Title MuseJazz Font is missing German Umlaute äöü and ß Before we fix the font, we need to fix the kerning in general

Hello,

even when I use Times New Roman, the text that MuseScore prints isn't right.

I printed the line: "This arrangement: © 2011 Jörg Knobloch" four times:
1) in Open Office on Windows
2) in MuseScore on Windows
3) in LibreOffice on Linux
4) in MuseScore on Linux.

Yes, I have the MS fonts for Linux. Yes, they are a little different from the Windows versions.

BUT:
If you compare Open/Libre Office with MusScore both on Windows and Linux you notice, that the MuseScore print is somewhat suboptimal.

Look at this:
There is too much space between the "K" and the "n", in O/L Office they touch, in MuseScore they don't
There is too little space between the "l" and the "o". It looks too close in MuseScore.
Or compare the word "Printed".

So before we invest time in fixing any font or kerning, we need to assure that fonts are handled correctly in general.

Attachment Size
kerning.tif_.zip 1.87 MB

My understanding is that kerning is handling by the Qt libraries, and there is little MuseScore can do about it. I don't know if 1.1 is built with the latest Qt libraries or not; I do seem to recall something about Qt having improved kerning at some point?

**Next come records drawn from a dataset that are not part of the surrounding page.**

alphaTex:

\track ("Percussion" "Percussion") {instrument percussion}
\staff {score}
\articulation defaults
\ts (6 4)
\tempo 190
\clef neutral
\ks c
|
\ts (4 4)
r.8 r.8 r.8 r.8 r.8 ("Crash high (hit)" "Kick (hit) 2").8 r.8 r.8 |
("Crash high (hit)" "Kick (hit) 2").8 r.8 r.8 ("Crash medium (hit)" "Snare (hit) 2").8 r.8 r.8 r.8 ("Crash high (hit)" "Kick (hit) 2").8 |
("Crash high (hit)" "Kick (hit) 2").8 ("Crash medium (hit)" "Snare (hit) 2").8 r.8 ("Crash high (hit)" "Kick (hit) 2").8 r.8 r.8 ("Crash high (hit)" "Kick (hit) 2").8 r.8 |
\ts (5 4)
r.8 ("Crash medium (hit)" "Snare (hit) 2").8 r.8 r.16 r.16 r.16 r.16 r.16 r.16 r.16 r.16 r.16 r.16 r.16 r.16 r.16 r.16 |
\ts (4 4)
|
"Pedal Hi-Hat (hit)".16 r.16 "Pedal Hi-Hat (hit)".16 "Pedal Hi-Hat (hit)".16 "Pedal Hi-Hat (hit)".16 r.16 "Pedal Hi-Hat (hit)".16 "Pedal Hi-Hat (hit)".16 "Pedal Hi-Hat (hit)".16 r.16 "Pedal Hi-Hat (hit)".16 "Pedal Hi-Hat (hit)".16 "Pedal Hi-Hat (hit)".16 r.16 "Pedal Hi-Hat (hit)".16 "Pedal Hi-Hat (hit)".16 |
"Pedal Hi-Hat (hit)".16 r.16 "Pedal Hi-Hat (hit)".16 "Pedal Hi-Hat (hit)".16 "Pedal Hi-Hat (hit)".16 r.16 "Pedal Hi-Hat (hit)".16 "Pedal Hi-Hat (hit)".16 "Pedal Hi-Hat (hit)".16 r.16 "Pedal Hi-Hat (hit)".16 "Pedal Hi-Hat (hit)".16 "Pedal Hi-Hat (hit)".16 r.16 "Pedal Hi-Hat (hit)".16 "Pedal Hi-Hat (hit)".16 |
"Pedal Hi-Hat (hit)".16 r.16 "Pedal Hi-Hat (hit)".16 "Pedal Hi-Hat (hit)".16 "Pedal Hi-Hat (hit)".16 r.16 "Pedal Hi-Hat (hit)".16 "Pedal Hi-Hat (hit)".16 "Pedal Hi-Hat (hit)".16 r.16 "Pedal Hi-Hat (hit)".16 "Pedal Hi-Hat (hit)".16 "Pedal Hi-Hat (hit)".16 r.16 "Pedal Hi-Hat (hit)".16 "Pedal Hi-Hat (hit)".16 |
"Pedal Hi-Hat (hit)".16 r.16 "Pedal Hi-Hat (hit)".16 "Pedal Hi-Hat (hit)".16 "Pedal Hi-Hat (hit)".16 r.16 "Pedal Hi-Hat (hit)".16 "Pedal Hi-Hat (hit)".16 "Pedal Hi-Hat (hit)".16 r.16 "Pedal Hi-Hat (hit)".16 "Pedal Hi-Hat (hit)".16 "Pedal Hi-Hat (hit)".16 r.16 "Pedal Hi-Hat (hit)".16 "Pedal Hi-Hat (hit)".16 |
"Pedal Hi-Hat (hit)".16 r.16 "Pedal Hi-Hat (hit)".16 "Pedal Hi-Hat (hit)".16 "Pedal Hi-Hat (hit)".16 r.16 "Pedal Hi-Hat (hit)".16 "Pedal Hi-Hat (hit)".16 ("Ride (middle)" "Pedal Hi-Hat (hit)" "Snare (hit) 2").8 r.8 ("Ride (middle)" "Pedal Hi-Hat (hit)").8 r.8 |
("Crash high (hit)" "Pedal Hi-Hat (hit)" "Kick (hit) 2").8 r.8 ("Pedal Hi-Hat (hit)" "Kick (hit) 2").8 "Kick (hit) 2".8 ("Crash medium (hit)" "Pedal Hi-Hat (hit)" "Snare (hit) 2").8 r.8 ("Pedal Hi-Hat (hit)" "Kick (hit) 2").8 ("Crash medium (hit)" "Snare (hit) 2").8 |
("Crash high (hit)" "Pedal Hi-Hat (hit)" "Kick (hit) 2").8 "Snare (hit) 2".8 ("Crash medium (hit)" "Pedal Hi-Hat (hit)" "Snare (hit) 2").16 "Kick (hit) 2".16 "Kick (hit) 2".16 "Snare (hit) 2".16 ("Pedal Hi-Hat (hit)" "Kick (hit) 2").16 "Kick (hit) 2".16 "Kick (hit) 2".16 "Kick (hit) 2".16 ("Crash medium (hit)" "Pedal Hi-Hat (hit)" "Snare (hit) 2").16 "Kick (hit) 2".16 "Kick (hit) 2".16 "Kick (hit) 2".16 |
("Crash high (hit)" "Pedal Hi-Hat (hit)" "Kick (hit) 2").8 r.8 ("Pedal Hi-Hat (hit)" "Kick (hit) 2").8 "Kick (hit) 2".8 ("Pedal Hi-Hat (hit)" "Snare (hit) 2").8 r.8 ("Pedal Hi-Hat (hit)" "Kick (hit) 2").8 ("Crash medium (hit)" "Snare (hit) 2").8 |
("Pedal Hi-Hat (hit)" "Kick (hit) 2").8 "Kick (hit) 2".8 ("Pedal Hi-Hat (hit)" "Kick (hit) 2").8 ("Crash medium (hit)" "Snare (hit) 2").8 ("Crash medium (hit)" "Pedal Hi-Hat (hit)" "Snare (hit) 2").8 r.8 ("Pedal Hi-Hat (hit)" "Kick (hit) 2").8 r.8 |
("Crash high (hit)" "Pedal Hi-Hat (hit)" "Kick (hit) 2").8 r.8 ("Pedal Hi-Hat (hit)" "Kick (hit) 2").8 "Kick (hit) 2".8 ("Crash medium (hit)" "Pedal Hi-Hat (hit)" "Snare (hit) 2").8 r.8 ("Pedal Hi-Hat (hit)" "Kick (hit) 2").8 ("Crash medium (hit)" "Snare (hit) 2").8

Anyhow, when I was doing the kerning originally, I was having trouble getting MuseScore to pay attention to it at all so I did most of my testing in Wordpad and LibreOffice. Eventually I found an option I needed to set in FontForge to get the kerning to work with MuseScore. It's entirely possible I still didn't do this right. But since your example shows differences even with Times, I guess I won't worry about that for now.

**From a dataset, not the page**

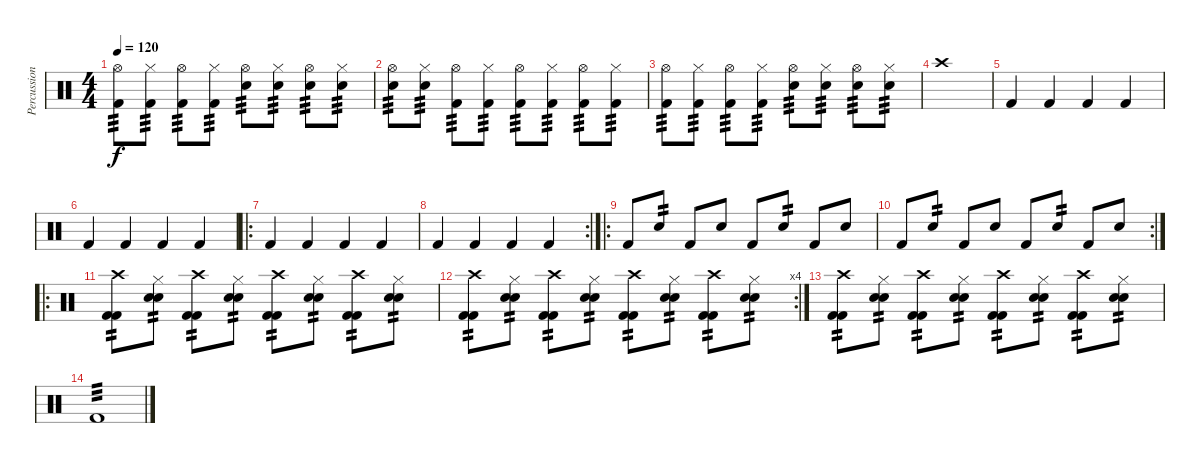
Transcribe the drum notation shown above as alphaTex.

Anyhow, I still figure it makes sense to get the kerning as good as I can, probably continuing to use Wordpad & LibreOffice but also checking in MuseScore. So I'm still aiming for end of week.

My post was meant as encouragement to make sure fonts are handled properly.

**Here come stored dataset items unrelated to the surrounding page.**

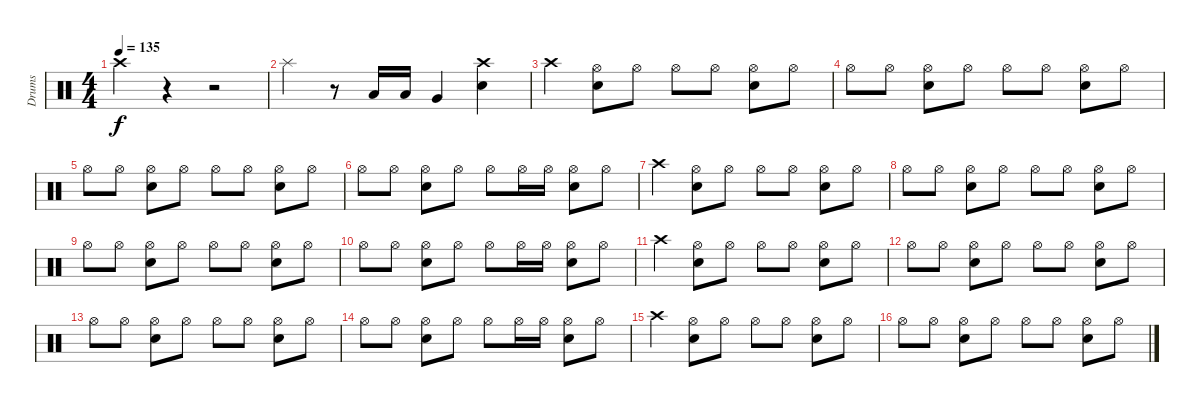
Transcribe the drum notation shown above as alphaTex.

\track ("Drums" "Drums") {instrument percussion}
\staff {score}
\articulation defaults
\ts (4 4)
\tempo 135
\clef neutral
\ks c "Crash high (hit)".4{dy f}
r.4 r.2 |
"Splash (hit)".4 r.8 "Low Tom (hit)".16 "Low Tom (hit)".16 "Very Low Tom (hit)".4 ("Crash high (hit)" "Snare (hit) 2").4 |
"Crash high (hit)".4 ("Hi-Hat (open)" "Snare (hit) 2").8 "Hi-Hat (open)".8 "Hi-Hat (open)".8 "Hi-Hat (open)".8 ("Hi-Hat (open)" "Snare (hit) 2").8 "Hi-Hat (open)".8 |
"Hi-Hat (open)".8 "Hi-Hat (open)".8 ("Hi-Hat (open)" "Snare (hit) 2").8 "Hi-Hat (open)".8 "Hi-Hat (open)".8 "Hi-Hat (open)".8 ("Hi-Hat (open)" "Snare (hit) 2").8 "Hi-Hat (open)".8 |
"Hi-Hat (open)".8 "Hi-Hat (open)".8 ("Hi-Hat (open)" "Snare (hit) 2").8 "Hi-Hat (open)".8 "Hi-Hat (open)".8 "Hi-Hat (open)".8 ("Hi-Hat (open)" "Snare (hit) 2").8 "Hi-Hat (open)".8 |
"Hi-Hat (open)".8 "Hi-Hat (open)".8 ("Hi-Hat (open)" "Snare (hit) 2").8 "Hi-Hat (open)".8 "Hi-Hat (open)".8 "Hi-Hat (open)".16 "Hi-Hat (open)".16 ("Hi-Hat (open)" "Snare (hit) 2").8 "Hi-Hat (open)".8 |
"Crash high (hit)".4 ("Hi-Hat (open)" "Snare (hit) 2").8 "Hi-Hat (open)".8 "Hi-Hat (open)".8 "Hi-Hat (open)".8 ("Hi-Hat (open)" "Snare (hit) 2").8 "Hi-Hat (open)".8 |
"Hi-Hat (open)".8 "Hi-Hat (open)".8 ("Hi-Hat (open)" "Snare (hit) 2").8 "Hi-Hat (open)".8 "Hi-Hat (open)".8 "Hi-Hat (open)".8 ("Hi-Hat (open)" "Snare (hit) 2").8 "Hi-Hat (open)".8 |
"Hi-Hat (open)".8 "Hi-Hat (open)".8 ("Hi-Hat (open)" "Snare (hit) 2").8 "Hi-Hat (open)".8 "Hi-Hat (open)".8 "Hi-Hat (open)".8 ("Hi-Hat (open)" "Snare (hit) 2").8 "Hi-Hat (open)".8 |
"Hi-Hat (open)".8 "Hi-Hat (open)".8 ("Hi-Hat (open)" "Snare (hit) 2").8 "Hi-Hat (open)".8 "Hi-Hat (open)".8 "Hi-Hat (open)".16 "Hi-Hat (open)".16 ("Hi-Hat (open)" "Snare (hit) 2").8 "Hi-Hat (open)".8 |
"Crash high (hit)".4 ("Hi-Hat (open)" "Snare (hit) 2").8 "Hi-Hat (open)".8 "Hi-Hat (open)".8 "Hi-Hat (open)".8 ("Hi-Hat (open)" "Snare (hit) 2").8 "Hi-Hat (open)".8 |
"Hi-Hat (open)".8 "Hi-Hat (open)".8 ("Hi-Hat (open)" "Snare (hit) 2").8 "Hi-Hat (open)".8 "Hi-Hat (open)".8 "Hi-Hat (open)".8 ("Hi-Hat (open)" "Snare (hit) 2").8 "Hi-Hat (open)".8 |
"Hi-Hat (open)".8 "Hi-Hat (open)".8 ("Hi-Hat (open)" "Snare (hit) 2").8 "Hi-Hat (open)".8 "Hi-Hat (open)".8 "Hi-Hat (open)".8 ("Hi-Hat (open)" "Snare (hit) 2").8 "Hi-Hat (open)".8 |
"Hi-Hat (open)".8 "Hi-Hat (open)".8 ("Hi-Hat (open)" "Snare (hit) 2").8 "Hi-Hat (open)".8 "Hi-Hat (open)".8 "Hi-Hat (open)".16 "Hi-Hat (open)".16 ("Hi-Hat (open)" "Snare (hit) 2").8 "Hi-Hat (open)".8 |
"Crash high (hit)".4 ("Hi-Hat (open)" "Snare (hit) 2").8 "Hi-Hat (open)".8 "Hi-Hat (open)".8 "Hi-Hat (open)".8 ("Hi-Hat (open)" "Snare (hit) 2").8 "Hi-Hat (open)".8 |
"Hi-Hat (open)".8 "Hi-Hat (open)".8 ("Hi-Hat (open)" "Snare (hit) 2").8 "Hi-Hat (open)".8 "Hi-Hat (open)".8 "Hi-Hat (open)".8 ("Hi-Hat (open)" "Snare (hit) 2").8 "Hi-Hat (open)".8

I hate to say it, but printed text produced with MuseScore when using Times New Roman looks pretty bad.

And that should be fixed if possible, so all fonts will profit.

@jorgk3 Which version of MuseScore did you use for your test? For the linux one, which Qt version? Which windows version?
I tried to write the same sentence in MuseScore 1.1 (Qt 4.7.3), windows vista and I don't have the same result at all on screen, on PDF or on PNG.

MuseScore, PNG, PDF

Attachment Size
kerning.jpg 55.47 KB

Hi,

what am I seeing? MuseScore, then PNG then PDF?

Anyway, your questions:
Windows XP Professional. MuseScore 1.1.
Linux, openSuse 11.4, MuseScore 1.1, libqt4 4.7.3-208.1

Hang on a shake, I'll create a PDF.

Title Before we fix the font, we need to fix the kerning in general MuseJazz Font is missing German Umlaute äöü and ß.

Reinstating original title

OK. In Linux it looks good on the screen, as PNG and as PDF.
Next I printed the PDF.
Then I scanned the printed PDF together with the text directly printed from MuseScore, see enclosed. On top the bad looking text you saw before which was printed directly, below the printed PDF.

So in conclusion:
New Times Roman looks good on the screen in MuseScore, PNG and PDF.
New Times Roman looks good also when the PDF is printed.
New Times Roman looks bad when directly printed from MuseScore (on Windows XP and Linux).

I have a Samsung ML-1510 laser printer.

Looks like there is a problem when printing directly to the printer.

Attachment Size
kerning-pdf.png 1.1 MB

Hmmm... in lasconic samples, I would say the main point is perhaps not kerning:

Between the first and third sample the fonts seem different: the copyright symbol is elliptical in 1st and round in 3rd; the top grace of 'i' is more slanted in 1st than in 3rd; 'e' is narrower in 1st then in 3rd...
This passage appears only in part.